TASK PROMPT →
Only one stretch of the data below is needed. Output the lines from the one with "Rendered at 1164 by 1607 pixels." up to and including the one with "table_cell 9.020 [794, 1179, 1087, 1200]", exactly as they stand.

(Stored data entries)
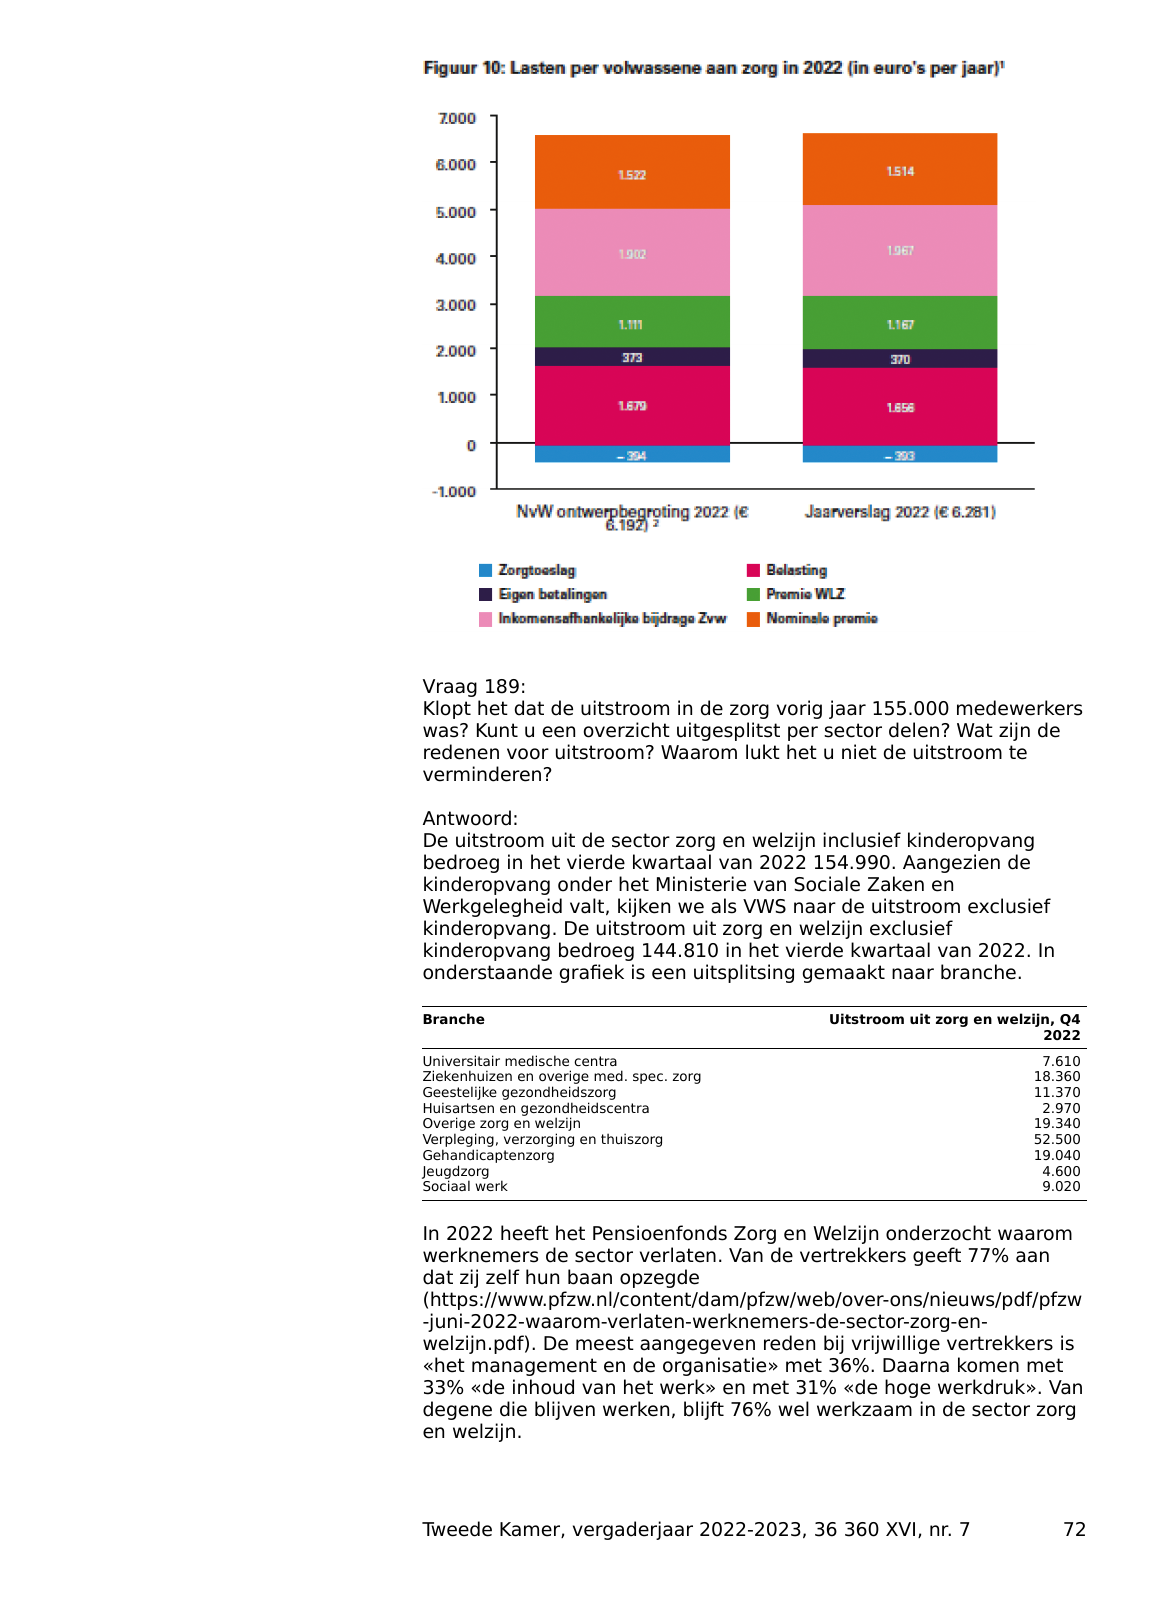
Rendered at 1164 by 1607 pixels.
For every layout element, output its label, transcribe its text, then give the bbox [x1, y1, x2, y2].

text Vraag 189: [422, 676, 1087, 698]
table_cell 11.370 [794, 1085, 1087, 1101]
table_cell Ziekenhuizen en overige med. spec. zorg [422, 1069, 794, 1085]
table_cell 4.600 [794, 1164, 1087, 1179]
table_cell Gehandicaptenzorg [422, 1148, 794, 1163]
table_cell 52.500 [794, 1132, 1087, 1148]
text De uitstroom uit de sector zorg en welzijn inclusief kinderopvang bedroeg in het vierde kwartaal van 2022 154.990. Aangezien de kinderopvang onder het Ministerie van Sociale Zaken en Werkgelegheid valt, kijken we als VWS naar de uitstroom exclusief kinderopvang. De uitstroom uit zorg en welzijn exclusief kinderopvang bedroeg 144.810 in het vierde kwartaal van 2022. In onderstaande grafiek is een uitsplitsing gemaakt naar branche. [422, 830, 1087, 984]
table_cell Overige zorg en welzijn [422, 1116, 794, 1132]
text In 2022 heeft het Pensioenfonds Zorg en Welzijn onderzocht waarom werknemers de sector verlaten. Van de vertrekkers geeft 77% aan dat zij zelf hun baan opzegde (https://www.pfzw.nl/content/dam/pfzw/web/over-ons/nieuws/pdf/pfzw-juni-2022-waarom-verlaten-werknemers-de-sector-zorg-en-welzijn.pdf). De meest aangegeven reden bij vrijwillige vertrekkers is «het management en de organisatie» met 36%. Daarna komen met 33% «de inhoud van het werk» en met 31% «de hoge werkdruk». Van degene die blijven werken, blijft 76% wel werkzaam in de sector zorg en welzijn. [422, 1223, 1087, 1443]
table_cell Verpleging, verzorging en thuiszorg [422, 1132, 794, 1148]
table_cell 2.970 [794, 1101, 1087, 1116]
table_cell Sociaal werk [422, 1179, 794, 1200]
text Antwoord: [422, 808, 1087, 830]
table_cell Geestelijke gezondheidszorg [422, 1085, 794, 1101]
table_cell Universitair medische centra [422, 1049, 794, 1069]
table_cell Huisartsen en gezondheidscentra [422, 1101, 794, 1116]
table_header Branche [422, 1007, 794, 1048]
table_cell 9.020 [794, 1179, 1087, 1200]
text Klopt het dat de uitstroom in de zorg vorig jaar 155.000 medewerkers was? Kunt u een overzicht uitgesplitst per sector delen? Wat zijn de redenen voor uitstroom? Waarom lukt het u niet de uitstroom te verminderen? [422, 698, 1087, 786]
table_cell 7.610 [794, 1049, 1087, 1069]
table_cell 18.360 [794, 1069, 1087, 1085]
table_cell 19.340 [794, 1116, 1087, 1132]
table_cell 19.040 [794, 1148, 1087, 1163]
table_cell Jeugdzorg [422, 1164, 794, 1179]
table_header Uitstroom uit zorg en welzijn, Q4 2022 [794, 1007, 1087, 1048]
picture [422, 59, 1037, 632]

---

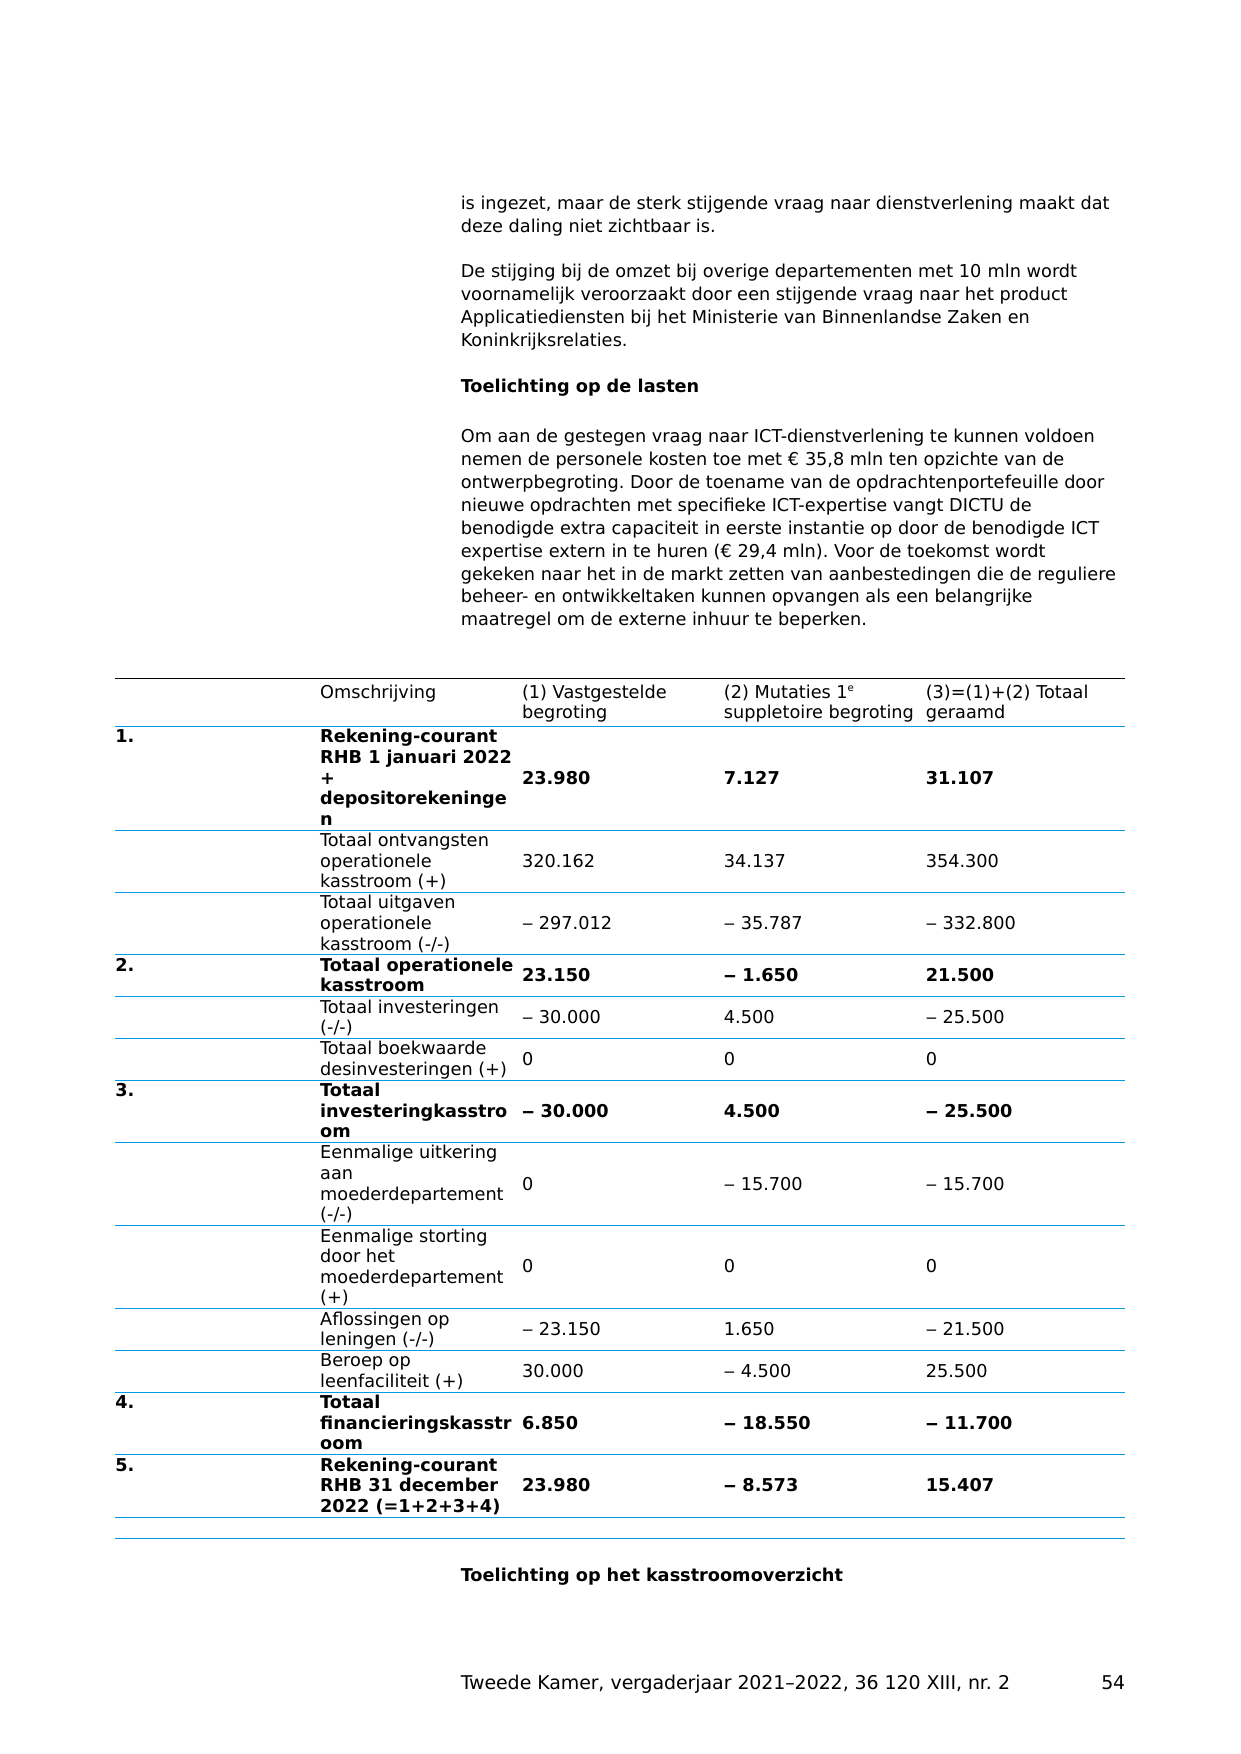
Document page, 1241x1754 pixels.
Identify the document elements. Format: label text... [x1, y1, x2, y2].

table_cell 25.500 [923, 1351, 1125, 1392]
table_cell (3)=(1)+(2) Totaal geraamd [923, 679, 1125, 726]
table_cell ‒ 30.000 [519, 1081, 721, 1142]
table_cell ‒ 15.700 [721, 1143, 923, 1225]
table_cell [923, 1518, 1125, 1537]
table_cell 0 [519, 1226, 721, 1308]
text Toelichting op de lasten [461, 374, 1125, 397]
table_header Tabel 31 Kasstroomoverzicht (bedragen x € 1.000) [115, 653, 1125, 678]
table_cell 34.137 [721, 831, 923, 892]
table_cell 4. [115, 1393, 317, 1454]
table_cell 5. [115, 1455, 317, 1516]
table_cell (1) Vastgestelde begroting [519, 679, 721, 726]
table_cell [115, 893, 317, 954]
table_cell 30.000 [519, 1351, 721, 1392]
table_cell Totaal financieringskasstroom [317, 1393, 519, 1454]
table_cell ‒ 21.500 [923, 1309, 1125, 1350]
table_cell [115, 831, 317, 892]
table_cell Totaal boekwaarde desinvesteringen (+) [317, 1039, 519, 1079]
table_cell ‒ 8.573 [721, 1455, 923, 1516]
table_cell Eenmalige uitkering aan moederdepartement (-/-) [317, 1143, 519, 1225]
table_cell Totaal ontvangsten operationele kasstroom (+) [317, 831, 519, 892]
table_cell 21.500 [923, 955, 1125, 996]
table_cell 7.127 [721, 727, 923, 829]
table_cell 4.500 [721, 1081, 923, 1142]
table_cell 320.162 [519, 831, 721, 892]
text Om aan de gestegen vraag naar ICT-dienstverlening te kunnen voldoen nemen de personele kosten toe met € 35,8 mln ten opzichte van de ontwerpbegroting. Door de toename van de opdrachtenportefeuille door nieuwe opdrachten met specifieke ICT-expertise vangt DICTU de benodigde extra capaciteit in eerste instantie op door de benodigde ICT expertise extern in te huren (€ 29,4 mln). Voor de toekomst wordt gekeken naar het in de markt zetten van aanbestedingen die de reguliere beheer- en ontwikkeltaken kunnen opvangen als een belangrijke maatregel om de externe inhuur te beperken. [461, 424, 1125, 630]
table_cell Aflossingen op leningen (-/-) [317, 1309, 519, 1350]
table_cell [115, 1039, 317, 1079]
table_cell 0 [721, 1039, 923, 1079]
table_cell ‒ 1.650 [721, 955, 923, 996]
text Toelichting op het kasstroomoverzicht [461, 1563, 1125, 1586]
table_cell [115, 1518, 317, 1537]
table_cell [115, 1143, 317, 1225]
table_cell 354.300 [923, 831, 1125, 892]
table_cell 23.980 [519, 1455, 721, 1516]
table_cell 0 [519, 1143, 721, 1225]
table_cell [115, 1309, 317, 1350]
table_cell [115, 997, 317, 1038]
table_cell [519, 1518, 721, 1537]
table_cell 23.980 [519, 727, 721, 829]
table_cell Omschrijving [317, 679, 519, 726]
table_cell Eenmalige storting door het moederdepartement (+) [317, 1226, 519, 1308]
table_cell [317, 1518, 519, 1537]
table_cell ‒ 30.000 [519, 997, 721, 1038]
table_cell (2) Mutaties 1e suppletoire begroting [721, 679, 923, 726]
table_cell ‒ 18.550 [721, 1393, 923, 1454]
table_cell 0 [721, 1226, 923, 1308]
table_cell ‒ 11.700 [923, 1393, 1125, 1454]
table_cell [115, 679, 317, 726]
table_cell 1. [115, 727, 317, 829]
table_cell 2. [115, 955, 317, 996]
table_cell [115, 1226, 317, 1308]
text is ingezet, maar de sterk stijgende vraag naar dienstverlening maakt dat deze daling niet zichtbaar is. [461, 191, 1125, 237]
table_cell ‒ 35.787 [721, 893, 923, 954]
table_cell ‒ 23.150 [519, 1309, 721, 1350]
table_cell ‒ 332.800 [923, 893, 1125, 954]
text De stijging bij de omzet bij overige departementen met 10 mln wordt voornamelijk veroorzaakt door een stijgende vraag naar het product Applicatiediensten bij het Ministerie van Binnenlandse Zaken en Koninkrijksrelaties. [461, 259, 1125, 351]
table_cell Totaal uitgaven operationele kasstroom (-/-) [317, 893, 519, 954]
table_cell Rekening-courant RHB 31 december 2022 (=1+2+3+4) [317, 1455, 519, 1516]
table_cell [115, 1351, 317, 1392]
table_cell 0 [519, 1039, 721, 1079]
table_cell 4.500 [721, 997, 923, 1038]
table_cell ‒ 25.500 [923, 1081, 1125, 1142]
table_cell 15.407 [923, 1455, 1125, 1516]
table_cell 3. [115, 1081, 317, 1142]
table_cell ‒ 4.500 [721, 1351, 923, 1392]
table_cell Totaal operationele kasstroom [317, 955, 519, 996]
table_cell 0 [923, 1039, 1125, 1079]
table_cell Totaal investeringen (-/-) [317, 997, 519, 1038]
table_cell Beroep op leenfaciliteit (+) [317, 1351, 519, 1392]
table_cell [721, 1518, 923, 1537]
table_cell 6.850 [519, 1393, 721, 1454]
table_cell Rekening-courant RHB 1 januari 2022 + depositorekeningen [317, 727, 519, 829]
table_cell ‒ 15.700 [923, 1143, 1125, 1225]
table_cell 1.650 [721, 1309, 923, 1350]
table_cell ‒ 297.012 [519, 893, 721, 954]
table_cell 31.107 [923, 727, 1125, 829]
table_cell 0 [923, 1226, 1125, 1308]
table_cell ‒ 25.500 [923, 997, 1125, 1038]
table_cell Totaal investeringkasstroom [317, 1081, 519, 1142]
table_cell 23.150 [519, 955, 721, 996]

COMPLETED TASK →
Rendered at 1164 by 1607 pixels.
For every layout element, output its label, transcribe its text, then give the bbox [x1, y1, x2, y2].

text Vraag 189: [422, 676, 1087, 698]
table_cell 11.370 [794, 1085, 1087, 1101]
table_cell Ziekenhuizen en overige med. spec. zorg [422, 1069, 794, 1085]
table_cell 4.600 [794, 1164, 1087, 1179]
table_cell Gehandicaptenzorg [422, 1148, 794, 1163]
table_cell 52.500 [794, 1132, 1087, 1148]
text De uitstroom uit de sector zorg en welzijn inclusief kinderopvang bedroeg in het vierde kwartaal van 2022 154.990. Aangezien de kinderopvang onder het Ministerie van Sociale Zaken en Werkgelegheid valt, kijken we als VWS naar de uitstroom exclusief kinderopvang. De uitstroom uit zorg en welzijn exclusief kinderopvang bedroeg 144.810 in het vierde kwartaal van 2022. In onderstaande grafiek is een uitsplitsing gemaakt naar branche. [422, 830, 1087, 984]
table_cell Overige zorg en welzijn [422, 1116, 794, 1132]
text In 2022 heeft het Pensioenfonds Zorg en Welzijn onderzocht waarom werknemers de sector verlaten. Van de vertrekkers geeft 77% aan dat zij zelf hun baan opzegde (https://www.pfzw.nl/content/dam/pfzw/web/over-ons/nieuws/pdf/pfzw-juni-2022-waarom-verlaten-werknemers-de-sector-zorg-en-welzijn.pdf). De meest aangegeven reden bij vrijwillige vertrekkers is «het management en de organisatie» met 36%. Daarna komen met 33% «de inhoud van het werk» en met 31% «de hoge werkdruk». Van degene die blijven werken, blijft 76% wel werkzaam in de sector zorg en welzijn. [422, 1223, 1087, 1443]
table_cell Verpleging, verzorging en thuiszorg [422, 1132, 794, 1148]
table_cell 2.970 [794, 1101, 1087, 1116]
table_cell Sociaal werk [422, 1179, 794, 1200]
text Antwoord: [422, 808, 1087, 830]
table_cell Geestelijke gezondheidszorg [422, 1085, 794, 1101]
table_cell Universitair medische centra [422, 1049, 794, 1069]
table_cell Huisartsen en gezondheidscentra [422, 1101, 794, 1116]
table_header Branche [422, 1007, 794, 1048]
table_cell 9.020 [794, 1179, 1087, 1200]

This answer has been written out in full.